## WHAT THE EXERCISE ASKS
In the entries below, which lines run from the one with "Is Cyan the minimum?" through the one with "Answer yes or no. Yes. Is Dark Green greater"? Repeat exactly those, both included, and no pictures.

ENTRIES SHOWN Start Marker

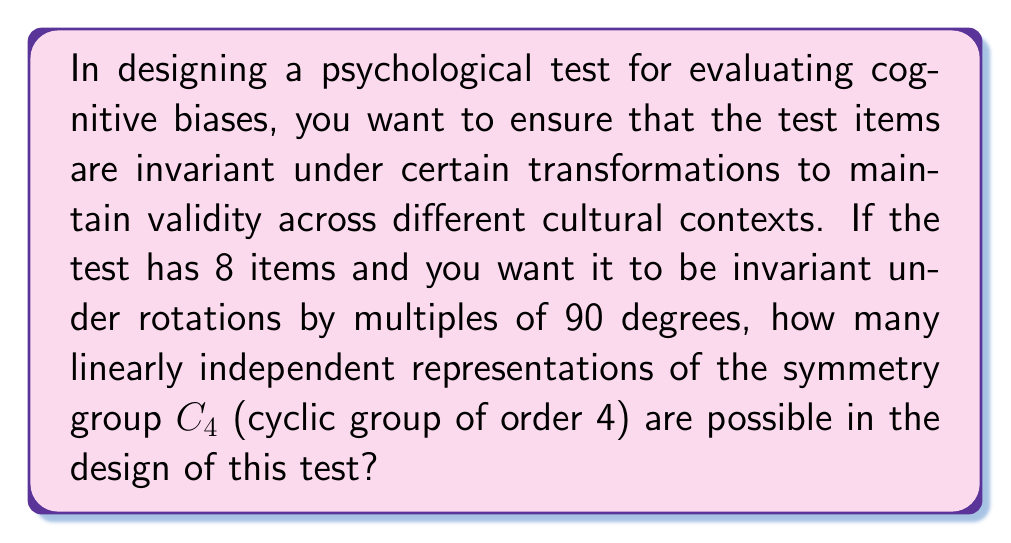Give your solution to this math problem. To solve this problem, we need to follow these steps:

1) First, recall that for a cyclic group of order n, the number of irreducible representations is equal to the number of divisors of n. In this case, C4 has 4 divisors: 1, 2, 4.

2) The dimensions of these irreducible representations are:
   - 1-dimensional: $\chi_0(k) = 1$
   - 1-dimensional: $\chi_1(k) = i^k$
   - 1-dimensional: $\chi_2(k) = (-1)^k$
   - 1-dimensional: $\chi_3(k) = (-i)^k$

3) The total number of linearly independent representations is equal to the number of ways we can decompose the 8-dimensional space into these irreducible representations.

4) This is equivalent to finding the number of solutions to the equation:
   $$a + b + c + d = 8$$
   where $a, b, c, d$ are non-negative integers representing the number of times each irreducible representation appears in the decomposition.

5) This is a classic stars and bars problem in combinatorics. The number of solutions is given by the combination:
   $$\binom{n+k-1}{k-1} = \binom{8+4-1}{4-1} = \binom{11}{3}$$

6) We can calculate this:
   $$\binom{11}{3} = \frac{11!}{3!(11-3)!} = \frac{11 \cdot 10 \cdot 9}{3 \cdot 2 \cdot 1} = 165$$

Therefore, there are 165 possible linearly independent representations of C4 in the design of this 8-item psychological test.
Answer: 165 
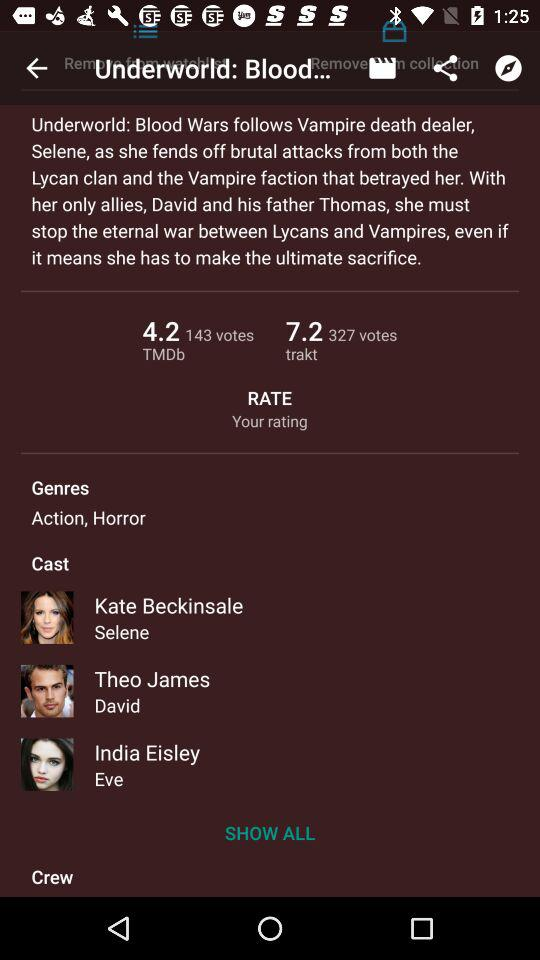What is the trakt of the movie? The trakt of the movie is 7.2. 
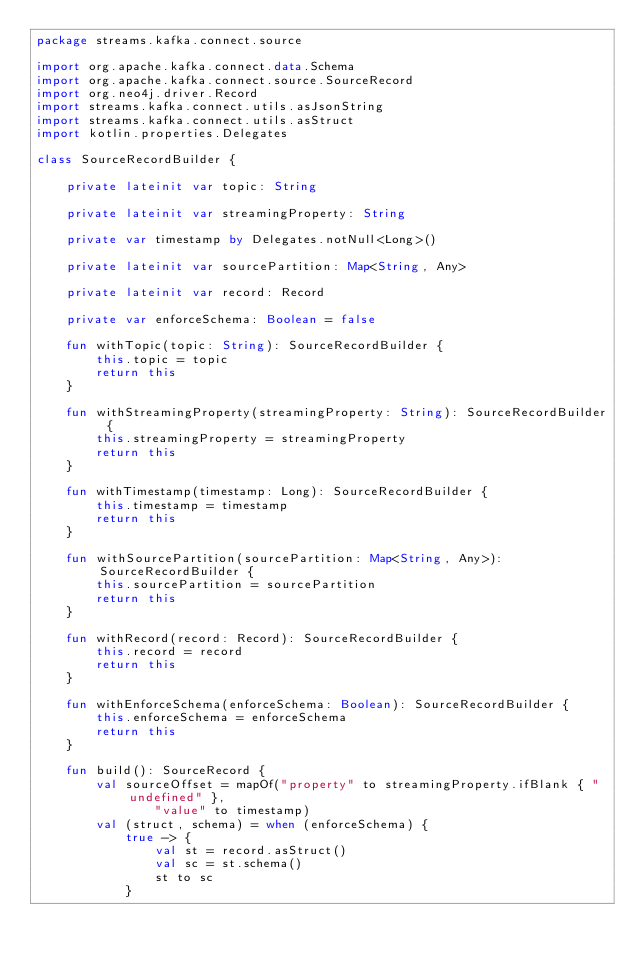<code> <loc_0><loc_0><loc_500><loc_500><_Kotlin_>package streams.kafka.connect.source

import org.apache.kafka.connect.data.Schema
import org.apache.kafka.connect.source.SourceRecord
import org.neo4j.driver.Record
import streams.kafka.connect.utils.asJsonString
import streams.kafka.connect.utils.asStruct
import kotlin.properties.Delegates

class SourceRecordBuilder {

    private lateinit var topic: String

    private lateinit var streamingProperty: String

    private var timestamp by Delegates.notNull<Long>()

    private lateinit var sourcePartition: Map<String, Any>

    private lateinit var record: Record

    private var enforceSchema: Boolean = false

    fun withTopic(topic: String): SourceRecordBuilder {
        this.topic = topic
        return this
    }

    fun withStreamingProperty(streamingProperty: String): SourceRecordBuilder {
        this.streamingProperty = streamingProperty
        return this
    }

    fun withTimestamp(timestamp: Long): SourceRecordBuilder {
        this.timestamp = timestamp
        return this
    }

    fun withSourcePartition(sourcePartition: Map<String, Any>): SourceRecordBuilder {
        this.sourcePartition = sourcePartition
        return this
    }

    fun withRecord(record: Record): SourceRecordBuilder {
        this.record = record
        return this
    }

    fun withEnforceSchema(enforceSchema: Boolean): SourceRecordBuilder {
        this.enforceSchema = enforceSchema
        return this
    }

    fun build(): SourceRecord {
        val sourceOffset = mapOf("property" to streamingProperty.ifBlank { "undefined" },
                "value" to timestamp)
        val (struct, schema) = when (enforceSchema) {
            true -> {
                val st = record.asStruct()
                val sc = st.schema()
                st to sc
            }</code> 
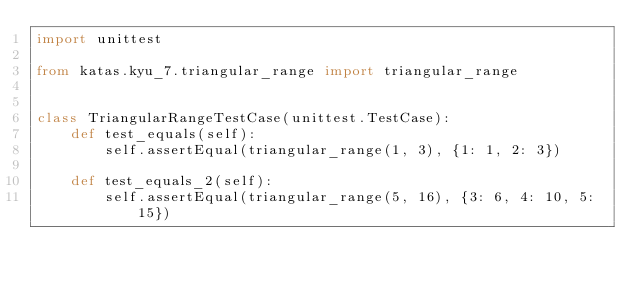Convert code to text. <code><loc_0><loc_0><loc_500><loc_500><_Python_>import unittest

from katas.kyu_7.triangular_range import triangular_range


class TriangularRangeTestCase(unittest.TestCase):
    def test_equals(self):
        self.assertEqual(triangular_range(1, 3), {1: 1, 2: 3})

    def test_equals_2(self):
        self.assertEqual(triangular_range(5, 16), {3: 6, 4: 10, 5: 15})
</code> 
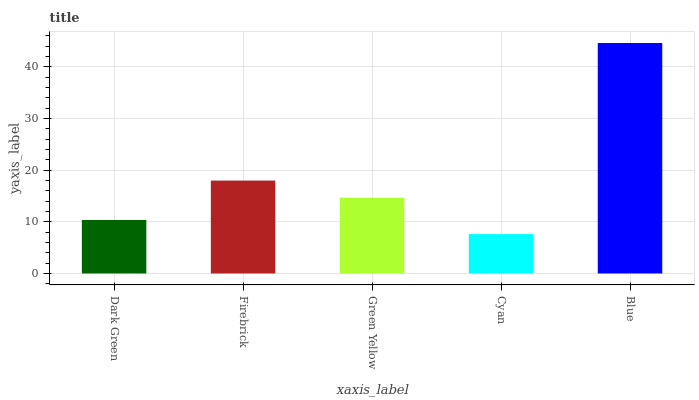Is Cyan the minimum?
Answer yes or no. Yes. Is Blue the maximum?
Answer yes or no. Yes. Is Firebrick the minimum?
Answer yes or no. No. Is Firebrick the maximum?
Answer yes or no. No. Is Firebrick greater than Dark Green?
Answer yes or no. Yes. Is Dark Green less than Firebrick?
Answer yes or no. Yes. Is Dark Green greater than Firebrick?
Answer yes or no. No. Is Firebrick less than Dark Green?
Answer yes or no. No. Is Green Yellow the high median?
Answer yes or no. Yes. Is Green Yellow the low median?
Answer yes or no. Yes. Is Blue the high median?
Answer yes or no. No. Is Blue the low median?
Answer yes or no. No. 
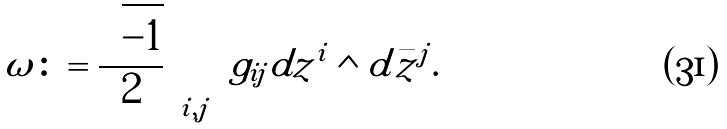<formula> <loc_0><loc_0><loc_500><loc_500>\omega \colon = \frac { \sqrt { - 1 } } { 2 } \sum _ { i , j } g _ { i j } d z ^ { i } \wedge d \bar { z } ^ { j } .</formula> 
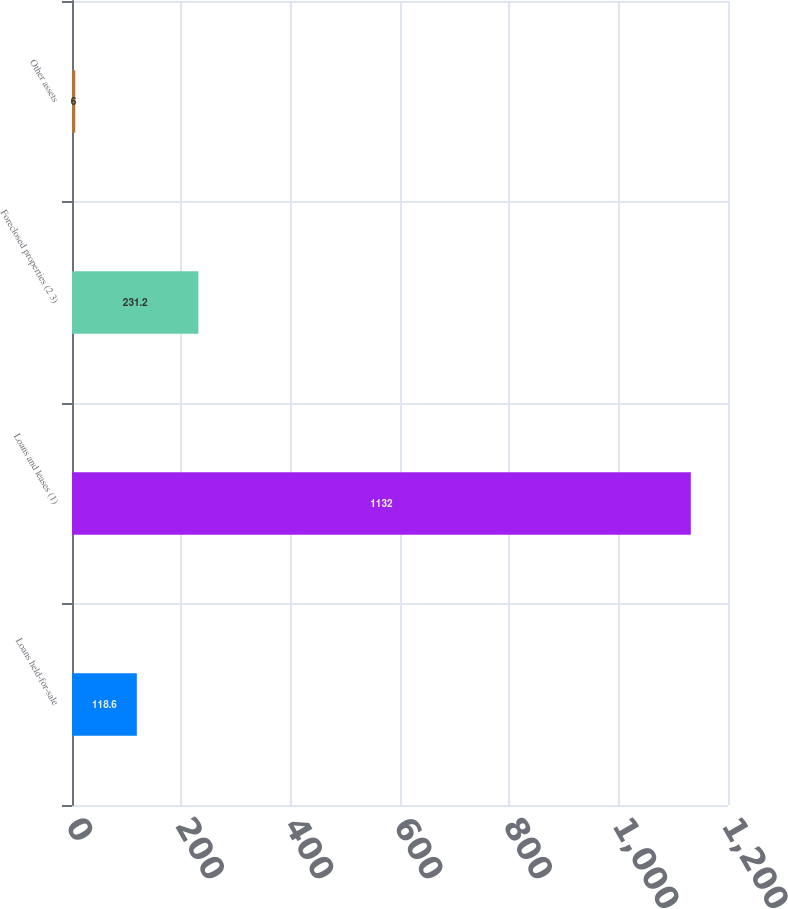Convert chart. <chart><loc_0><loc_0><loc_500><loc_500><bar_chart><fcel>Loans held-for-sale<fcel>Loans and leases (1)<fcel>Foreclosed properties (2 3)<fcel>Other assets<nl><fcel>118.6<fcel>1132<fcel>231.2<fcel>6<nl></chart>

ENTRIES SHOWN End Marker
ENTRIES SHOWN Start Marker

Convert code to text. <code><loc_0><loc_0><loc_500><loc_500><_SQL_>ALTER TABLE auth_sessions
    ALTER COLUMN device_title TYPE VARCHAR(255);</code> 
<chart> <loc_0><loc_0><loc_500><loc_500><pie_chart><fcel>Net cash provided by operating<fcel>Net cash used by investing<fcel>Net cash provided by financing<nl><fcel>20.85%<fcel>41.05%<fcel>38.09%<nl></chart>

ENTRIES SHOWN End Marker

## RESPONSE BELOW
Is Cyan the minimum?
Answer yes or no. Yes. Is Blue the maximum?
Answer yes or no. Yes. Is Firebrick the minimum?
Answer yes or no. No. Is Firebrick the maximum?
Answer yes or no. No. Is Firebrick greater than Dark Green?
Answer yes or no. Yes. Is Dark Green less than Firebrick?
Answer yes or no. Yes. Is Dark Green greater than Firebrick?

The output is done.